After that, Dhoni and boys go to South Africa for the Champions Trophy. On most occasions, this would have been the show piece event of the year (and I am so glad that it will be telecast on ESPN Star, with Harsha and gang in tow). But with the ICC T20 World Cup and the Ashes having just concluded, the tournament has been relegated to the back stage. To add to that is the raging debate about the existence of ODI's itself. The fifty over game finds itself squeezed on both sides. Above it is that purest of forms of cricket, the five-day game. The connoisseurs delight, Test match cricket will always live on since it is highly regarded by both the players and administrators alike. And with contests like the Ashes and Indo-Australia still delivering rivetting cricket, it is still a economically viable proposition, atleast in some parts of the world. Below the ODI format is that brash young upstart, the T20 format. In a little over six years since the first such international game was played, it has taken the world by storm.
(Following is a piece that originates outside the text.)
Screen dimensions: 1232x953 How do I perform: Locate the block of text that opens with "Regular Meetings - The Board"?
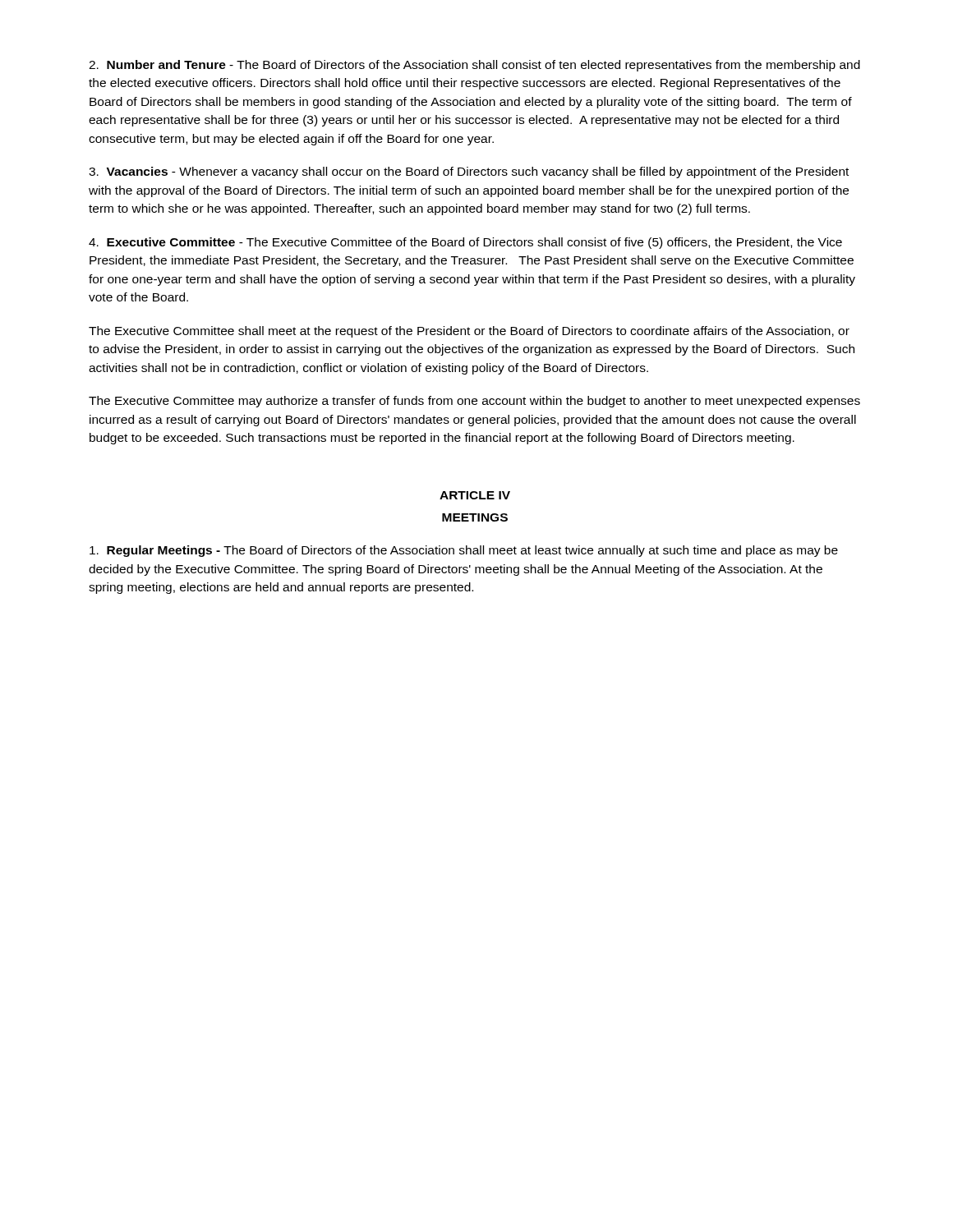click(x=463, y=569)

So much so that we are seeing the unique spectacle (possibly unparalleled in any other sport) of World Cup tournaments in successive years (April-May 2010 will see the teams gathering in the Carribbean for another few weeks of slam-bang cricket). The blockbuster that brings in the moolah, it is inevitable that T20 will soon overrun the ODI format, both in terms of its prominence and popularity. So with both the other formats squeezing it out of the spectator's imagination, where does ODI cricket go from here ?

The events in South Africa from Sept 22 to October 5 will go a long way in providing the answer. ODI cricket, in fact cricket in general, badly needs a good Champions Trophy. And the format could not have been better. Only eight of the best teams (disregarding the plight of the West Indies), only 15 matches, no Super-6's or Super-8s and the whole tournament done and dusted in under two weeks !! It promises action for the entire duration of the event, unlike the 2007 World Cup where most matches of the early round were an exercise in futility. I for one, cannot wait for the long weekend starting September 26th, with India taking on Pakistan that day and then the Aussies two days later (on Dassera day !!)*. It is going to nothing short of a treat !!. But a word of caution. Irrespective of how the Champions Trophy pans out, the ICC urgently needs to bring some innovation to the game. To be fair to them, they have tried quite a lot. The Super-Sub rule, though excellent in theory, was badly executed (the super-sub should have been named after the toss). Now there are still more changes being thought of. Two innings of 25 overs each is the latest and Ian Chappell also mentions a few more in his article on Cricinfo. The ICC needs to implement the best ideas in a better manner in order to revive spectator interest in the 50 over format.

Till then, lets hope that we see some really good cricket in South Africa and may the best team win !!